- [WHAT THIS TASK INVOLVES]:
Please repeat the lines below exactly. Begin with the line containing "Keep it short and to the point. 40.2." and go on through the line containing "Your answer should be compact. 1.53.".

- [RECORDS]:
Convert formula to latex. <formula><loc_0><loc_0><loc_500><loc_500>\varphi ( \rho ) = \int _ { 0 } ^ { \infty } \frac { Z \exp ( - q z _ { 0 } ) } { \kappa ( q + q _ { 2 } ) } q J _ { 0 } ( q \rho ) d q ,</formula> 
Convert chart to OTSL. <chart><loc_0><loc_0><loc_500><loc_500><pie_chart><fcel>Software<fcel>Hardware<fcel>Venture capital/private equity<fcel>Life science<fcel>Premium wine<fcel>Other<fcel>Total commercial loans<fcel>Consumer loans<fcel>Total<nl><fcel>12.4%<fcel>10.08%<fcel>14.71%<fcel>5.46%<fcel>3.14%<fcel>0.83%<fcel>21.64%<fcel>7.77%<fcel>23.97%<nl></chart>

---

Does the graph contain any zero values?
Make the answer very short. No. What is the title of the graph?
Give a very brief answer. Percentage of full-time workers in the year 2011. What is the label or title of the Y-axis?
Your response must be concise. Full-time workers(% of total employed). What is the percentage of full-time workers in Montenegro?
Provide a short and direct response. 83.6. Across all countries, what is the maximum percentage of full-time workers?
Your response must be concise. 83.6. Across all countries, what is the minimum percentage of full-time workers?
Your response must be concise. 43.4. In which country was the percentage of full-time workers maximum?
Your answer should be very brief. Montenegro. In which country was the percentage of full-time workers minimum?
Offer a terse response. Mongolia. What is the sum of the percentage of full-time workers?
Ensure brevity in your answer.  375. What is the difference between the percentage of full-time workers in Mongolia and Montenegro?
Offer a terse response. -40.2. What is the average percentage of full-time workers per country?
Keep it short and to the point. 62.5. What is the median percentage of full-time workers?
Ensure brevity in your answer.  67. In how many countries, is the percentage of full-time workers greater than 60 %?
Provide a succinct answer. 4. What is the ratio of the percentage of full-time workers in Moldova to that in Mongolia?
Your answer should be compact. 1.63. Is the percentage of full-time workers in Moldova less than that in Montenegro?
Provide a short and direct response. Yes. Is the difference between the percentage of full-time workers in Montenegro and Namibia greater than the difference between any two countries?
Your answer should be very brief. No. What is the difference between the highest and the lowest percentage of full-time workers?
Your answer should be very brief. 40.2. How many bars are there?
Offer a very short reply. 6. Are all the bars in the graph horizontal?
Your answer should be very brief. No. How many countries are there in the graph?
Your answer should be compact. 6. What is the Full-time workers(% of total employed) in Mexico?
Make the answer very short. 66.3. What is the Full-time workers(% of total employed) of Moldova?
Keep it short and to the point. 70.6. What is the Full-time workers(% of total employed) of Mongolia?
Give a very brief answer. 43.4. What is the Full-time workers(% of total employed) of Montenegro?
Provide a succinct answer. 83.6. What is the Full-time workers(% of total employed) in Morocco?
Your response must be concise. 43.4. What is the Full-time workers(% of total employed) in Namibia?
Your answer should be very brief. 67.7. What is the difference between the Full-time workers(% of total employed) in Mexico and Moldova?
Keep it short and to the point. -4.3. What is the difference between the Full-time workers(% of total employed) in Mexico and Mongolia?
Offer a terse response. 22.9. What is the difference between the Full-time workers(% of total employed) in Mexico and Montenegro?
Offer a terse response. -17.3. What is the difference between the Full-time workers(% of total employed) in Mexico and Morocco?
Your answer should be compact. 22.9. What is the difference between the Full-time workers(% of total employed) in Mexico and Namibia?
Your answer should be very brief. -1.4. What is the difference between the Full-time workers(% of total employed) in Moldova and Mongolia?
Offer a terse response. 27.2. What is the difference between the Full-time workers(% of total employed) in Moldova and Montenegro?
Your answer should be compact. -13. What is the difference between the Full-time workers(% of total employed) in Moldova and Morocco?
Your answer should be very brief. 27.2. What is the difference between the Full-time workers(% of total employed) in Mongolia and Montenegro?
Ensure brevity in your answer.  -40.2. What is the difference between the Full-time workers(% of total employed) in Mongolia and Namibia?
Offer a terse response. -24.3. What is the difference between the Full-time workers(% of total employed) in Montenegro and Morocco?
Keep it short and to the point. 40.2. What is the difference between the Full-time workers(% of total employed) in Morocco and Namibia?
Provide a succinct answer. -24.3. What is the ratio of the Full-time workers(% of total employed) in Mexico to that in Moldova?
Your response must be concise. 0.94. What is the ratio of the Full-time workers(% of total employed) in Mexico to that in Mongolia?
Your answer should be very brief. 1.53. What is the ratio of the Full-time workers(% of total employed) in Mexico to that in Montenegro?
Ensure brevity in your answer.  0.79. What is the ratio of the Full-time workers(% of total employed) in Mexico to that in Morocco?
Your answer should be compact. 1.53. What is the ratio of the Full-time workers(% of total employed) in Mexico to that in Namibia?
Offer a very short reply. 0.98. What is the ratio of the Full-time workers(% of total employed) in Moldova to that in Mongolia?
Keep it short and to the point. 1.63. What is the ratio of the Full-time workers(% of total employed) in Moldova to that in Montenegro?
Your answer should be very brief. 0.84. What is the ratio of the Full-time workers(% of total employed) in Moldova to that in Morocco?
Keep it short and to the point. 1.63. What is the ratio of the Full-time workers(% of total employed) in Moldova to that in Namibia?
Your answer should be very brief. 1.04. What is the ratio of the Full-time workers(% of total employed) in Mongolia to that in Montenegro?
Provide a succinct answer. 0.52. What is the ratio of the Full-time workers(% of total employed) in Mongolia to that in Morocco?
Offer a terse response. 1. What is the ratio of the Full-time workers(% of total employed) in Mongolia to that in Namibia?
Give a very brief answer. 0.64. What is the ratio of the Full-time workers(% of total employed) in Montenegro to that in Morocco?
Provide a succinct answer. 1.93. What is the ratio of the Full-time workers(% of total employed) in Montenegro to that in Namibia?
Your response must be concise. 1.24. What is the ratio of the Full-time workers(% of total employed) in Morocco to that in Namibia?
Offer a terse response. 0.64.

- [ANSWER BOX]:
Keep it short and to the point. 40.2. What is the difference between the Full-time workers(% of total employed) in Morocco and Namibia?
Provide a succinct answer. -24.3. What is the ratio of the Full-time workers(% of total employed) in Mexico to that in Moldova?
Your response must be concise. 0.94. What is the ratio of the Full-time workers(% of total employed) in Mexico to that in Mongolia?
Your answer should be very brief. 1.53. What is the ratio of the Full-time workers(% of total employed) in Mexico to that in Montenegro?
Ensure brevity in your answer.  0.79. What is the ratio of the Full-time workers(% of total employed) in Mexico to that in Morocco?
Your answer should be compact. 1.53. What is the ratio of the Full-time workers(% of total employed) in Mexico to that in Namibia?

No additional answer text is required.